Девушка энергично закивала.
– Точно! Афанасьев[31 - Александр Николаевич Афанасьев (1826 —1871) – русский собиратель фольклора, исследователь духовной культуры славянских народов, историк и литературовед.]! Как тот писатель, что сказки народные переписывал. Вы мне, Дмитрий Николаевич, книжку такую давали читать и картинки к ней рисовали.
– Иллюстрации, – машинально поправил Руднев, что-то сосредоточенно обдумывая, а потом добавил, совершенно неожиданно для утешившейся горничной. – Спасибо, Клавдия! Ты даже не представляешь, как мне помогла…
Всю дорогу до Лубянки Дмитрий Николаевич пытался унять жгучую и досадливую злость. Оно и до революции Руднев не больно-то жаловал политическую полицию, брезгливо сторонясь её сомнительных методов. Нынешние же стражи государственной безопасности своих старорежимных предшественников переплюнули. Провокации, доносительство, пытки – всё то, что беззастенчиво использовали подчинённые Глобычёва, Мартынова, Джунковского и Татищева[32 - Константин Иванович Глобачёв и Александр Павлович Мартынов – последние руководители Охранных отделений Петрограда и Москвы соответственно. Владимир Фёдорович Джунковский и Дмитрий Николаевич Татищев – последние командующие Отдельным корпусом жандармов.], нынешние спецслужбы дополнили неограниченными правами в вопросах вынесения и исполнения приговоров, причём без всякой оглядки на закон, гуманность и здравый смысл. Впрочем, какие уж тут могут быть законы и гуманность, когда до победы мирового пролетариата рукой подать!
Убедившийся на собственной шкуре в радикальности и жестокости подхода чекистов к делу, Дмитрий Николаевич не видел для себя возможности отказаться от приглашения комиссара Горбылёва, не на шутку опасаясь, что за свою строптивость пострадает сам и подведёт под секиру пролетарского гнева своих близких.
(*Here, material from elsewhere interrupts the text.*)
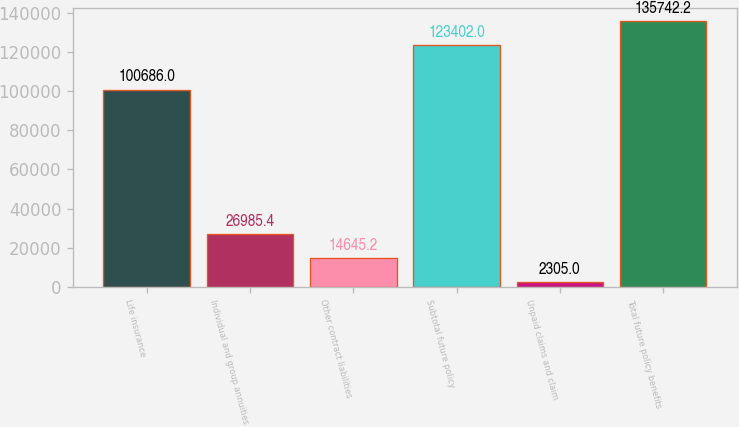Convert chart to OTSL. <chart><loc_0><loc_0><loc_500><loc_500><bar_chart><fcel>Life insurance<fcel>Individual and group annuities<fcel>Other contract liabilities<fcel>Subtotal future policy<fcel>Unpaid claims and claim<fcel>Total future policy benefits<nl><fcel>100686<fcel>26985.4<fcel>14645.2<fcel>123402<fcel>2305<fcel>135742<nl></chart> 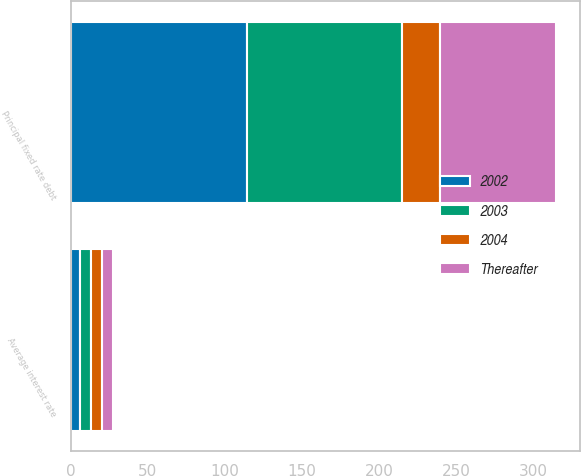<chart> <loc_0><loc_0><loc_500><loc_500><stacked_bar_chart><ecel><fcel>Principal fixed rate debt<fcel>Average interest rate<nl><fcel>2002<fcel>114.5<fcel>6.27<nl><fcel>2003<fcel>100<fcel>6.98<nl><fcel>2004<fcel>25<fcel>7<nl><fcel>Thereafter<fcel>75<fcel>7.12<nl></chart> 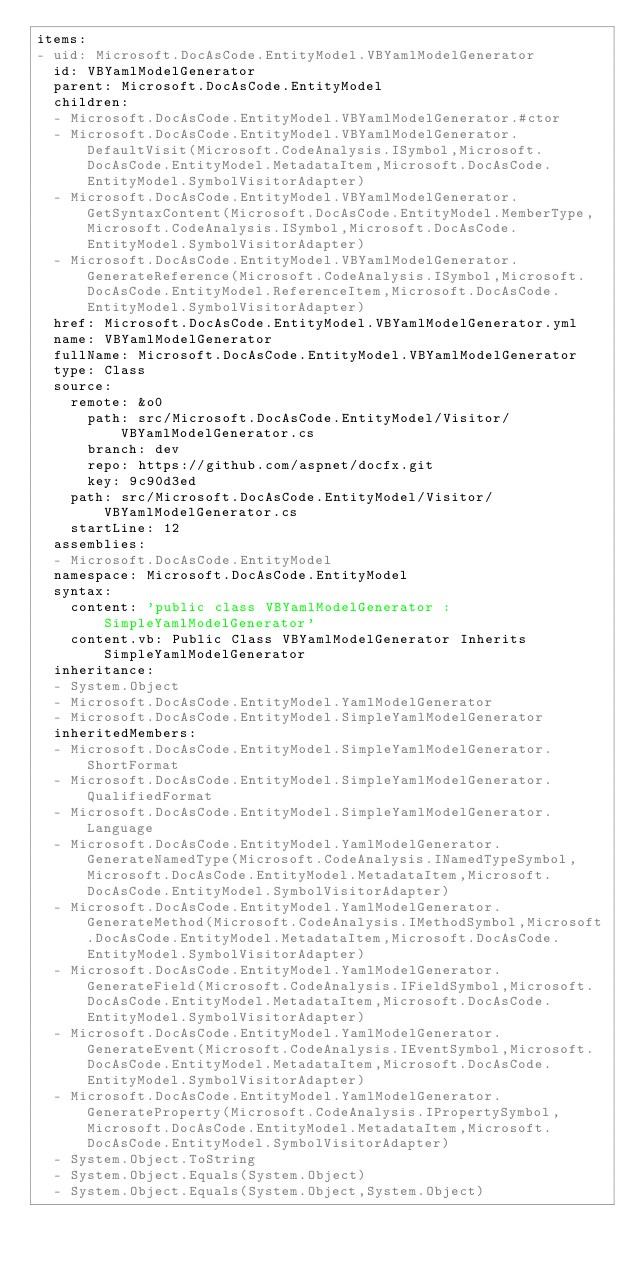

Ощущать же себя принуждаемым для Дмитрия Николаевича было невыносимо, поскольку бывший граф, лишённый имени, дома и состояния, так и не научился смирению и покорности.
Более всего Руднева бесило предположение, возникшее после разговора с Клавдией. Если девушка ничего не напутала, а революционный матрос сказал правду, выходило так, что бдительный красноармеец Егор Афанасьев подписал донос на Дмитрия Николаевича тогда, когда тот уже несколько дней мыкался в карцере, да и автором поклёпа, скорее всего, был вовсе не безграмотный боец. Если всё было так, то дело против Руднева скорее всего сфабриковали сами же чекисты и, вполне вероятно, только лишь для того, чтобы намаявшийся и напуганный до икоты бывший аристократ и в мыслях не смел манкировать добровольное посещение Лубянки.